Allan, R., Liu, C., Loeb, N., Palmer, M., Roberts, M., Smith, D., & Vidale, P. (2014). Changes in global net radiative imbalance 1985-2012 Geophysical Research Letters DOI: 10.1002/2014GL060962

About Ed Hawkins

Climate scientist in the National Centre for Atmospheric Science (NCAS) at the University of Reading. IPCC AR5 Contributing Author. Can be found on twitter too: @ed_hawkins

18 thoughts on “Earth's energy imbalance

  1. Thanks for the write-up Ed!

    Just to add that only atmospheric simulations which are given realistic observed sea surface temperature and radiative forcings (“AMIP” experiments) are able to reproduce the observed variability in the energy budget. Fully coupled climate simulations, which are used to make future projections, can simulate the changes in response to radiative forcings (including natural effects from volcanic eruptions and human caused factors such as greenhouse gas emissions) but are not designed to capture the timings of natural ocean “weather”, generating their own El Nino and La Nina events randomly in time.

  2. Hi,

    I am having difficulty interpreting the following:

    “Over the 1985–1999 period mean N (0.34 ± 0.67 Wm−2) is lower than for the 2000–2012 period (0.62 ± 0.43 Wm−2, uncertainties at 90% confidence level) despite the slower rate of surface temperature rise since 2000. ”

    The confidence intervals appear to be too wide to be our uncertainty in the inferred mean. They seem to be more like the visually apparent variation about the mean in the data themselves.

    How should one interpret that statement?

    I presume the following gives a clue:

    “Calculating z scores and applying a two-tail test to annual values, N is significantly larger in the 2000–2009 period than the 1985–1989 period at the 90% confidence level for UPSCALE (z = 3.1), CMIP5 (z = 2.4), and the OBS reconstruction (z = 1.8, also applicable when replacing the 2000–2009 period with 2000–2012) but not for the AMIP5 ensemble (z = 0.6, applying to the shorter 2000–2008 period).”

    but I am not sure what that clue is. Perhaps it is the “annual” bit.

    The z scores of 1.8 (and above) seem at odds with the stated uncertainty intervals of the means themselves. I don’t doubt the z scores but I would have thought that they would be compatible with much smaller estimates in the uncertainty of the inferred means.

  3. Dear Alexander,

    Good point. Most of the uncertainty relates to the ocean heating data and is the same sign and magnitude for both periods. The difference between the 0.67 Wm-2 and 0.43 Wm-2 is more relevant to the variability. So the changes are only a bit bigger than the uncertainty, you are correct. Sorry if any of this is garbled as I’m away on holiday at the moment.

    Best Wishes,

    Richard Allan

  4. An addition to Alexander Harvey’s comment: Using the error propagation formula for f=A-B, ie. σf^2= σA^2+ σB ^2 gives in this case that the increase in the imbalance value is

    f=0.28 ± 0.80 W/m2.

    (f=0.62-0.34=0.28; The uncertainty= (0.67^2+0.43^2)^0.5=0.80).

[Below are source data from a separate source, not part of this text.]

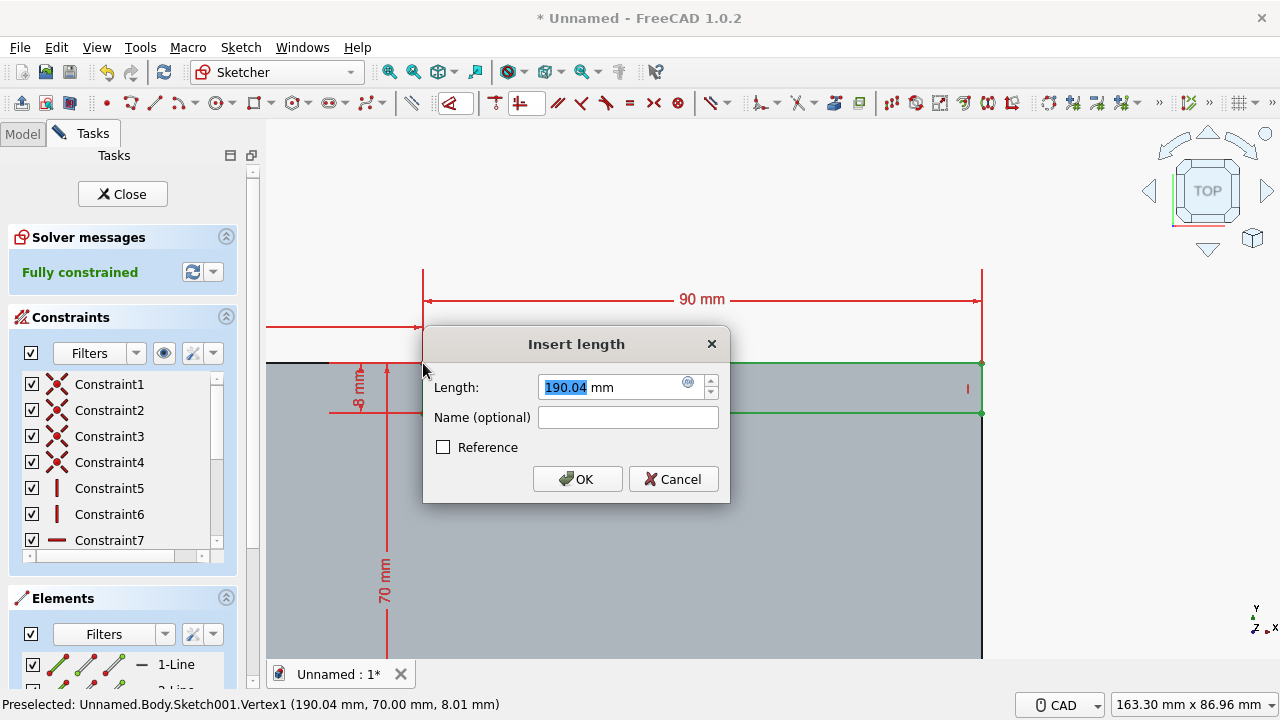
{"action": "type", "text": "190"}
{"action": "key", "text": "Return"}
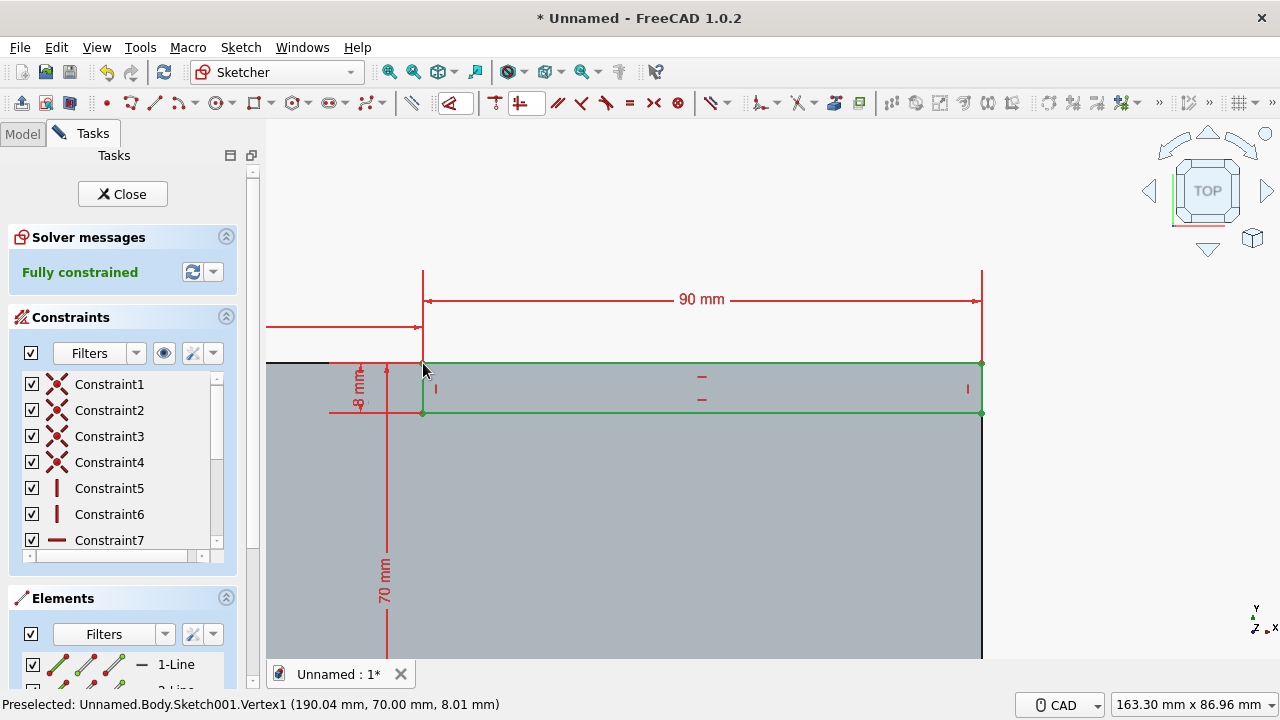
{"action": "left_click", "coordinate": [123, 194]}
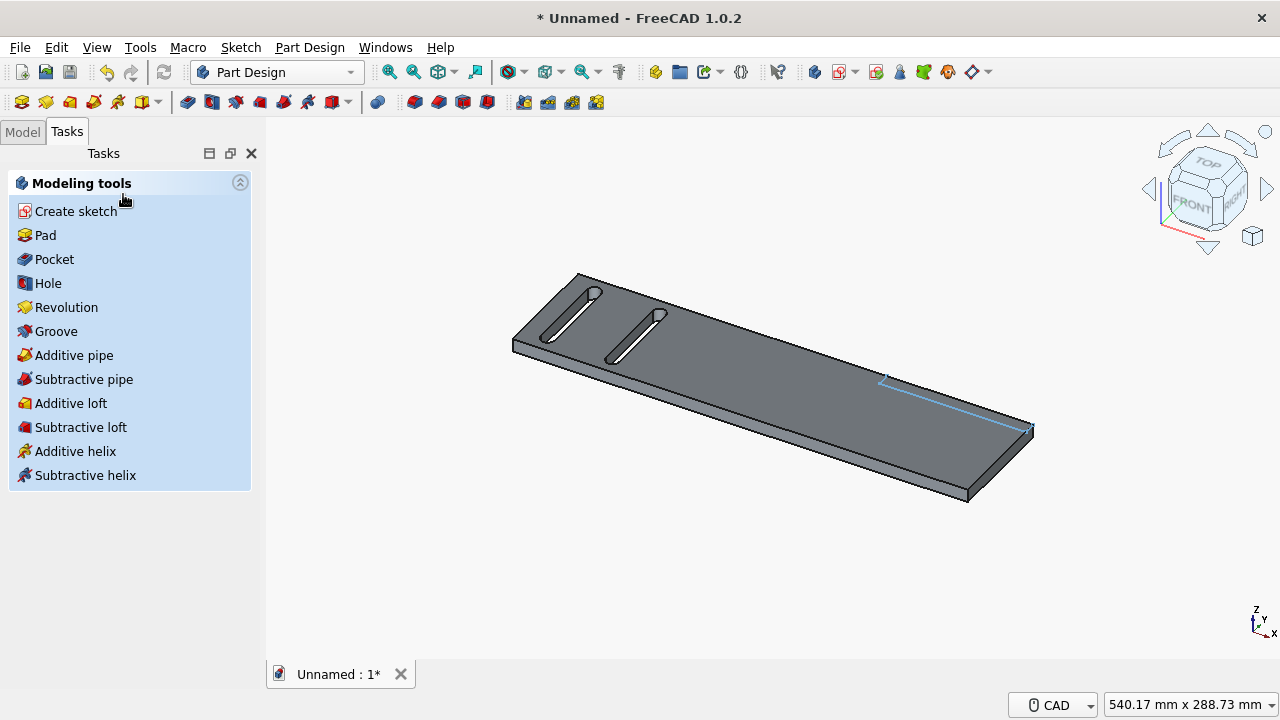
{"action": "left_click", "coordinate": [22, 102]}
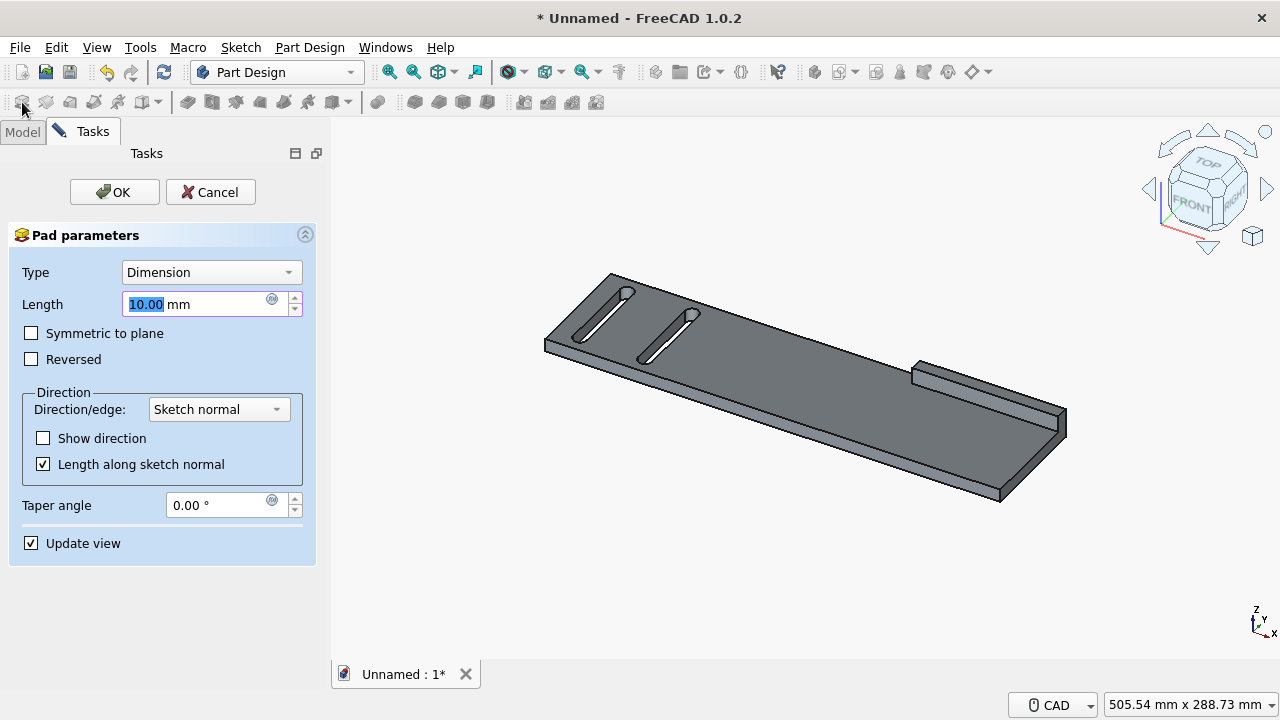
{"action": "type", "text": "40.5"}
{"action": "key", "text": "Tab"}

    Thus the mean value of the increase between the 1985–1999 period and the the 2000–2012 period is very much in the middle of the uncertainty interval.

    1. Sorrry, not well said, should be that the value zero for the increase is very much in the middle of the unceartainty ineterval.

    2. Dear Pehr,

      Thank you for making this point. I think you are right that the change in net imbalance may not be significant.

      However, as I mentioned, part of the uncertainty for each period relates to the ocean heating data to which the time series is anchored and so is of identical sign and magnitude for each period (±0.43 W/m2 at the 90% confidence level). In the paper I estimated an additional structural uncertainty for the earlier period 1985-1999 of ±0.24 W/m2 which I think is directly relevant to the change in the imbalance between the periods 1985-1999 and 2000-2012.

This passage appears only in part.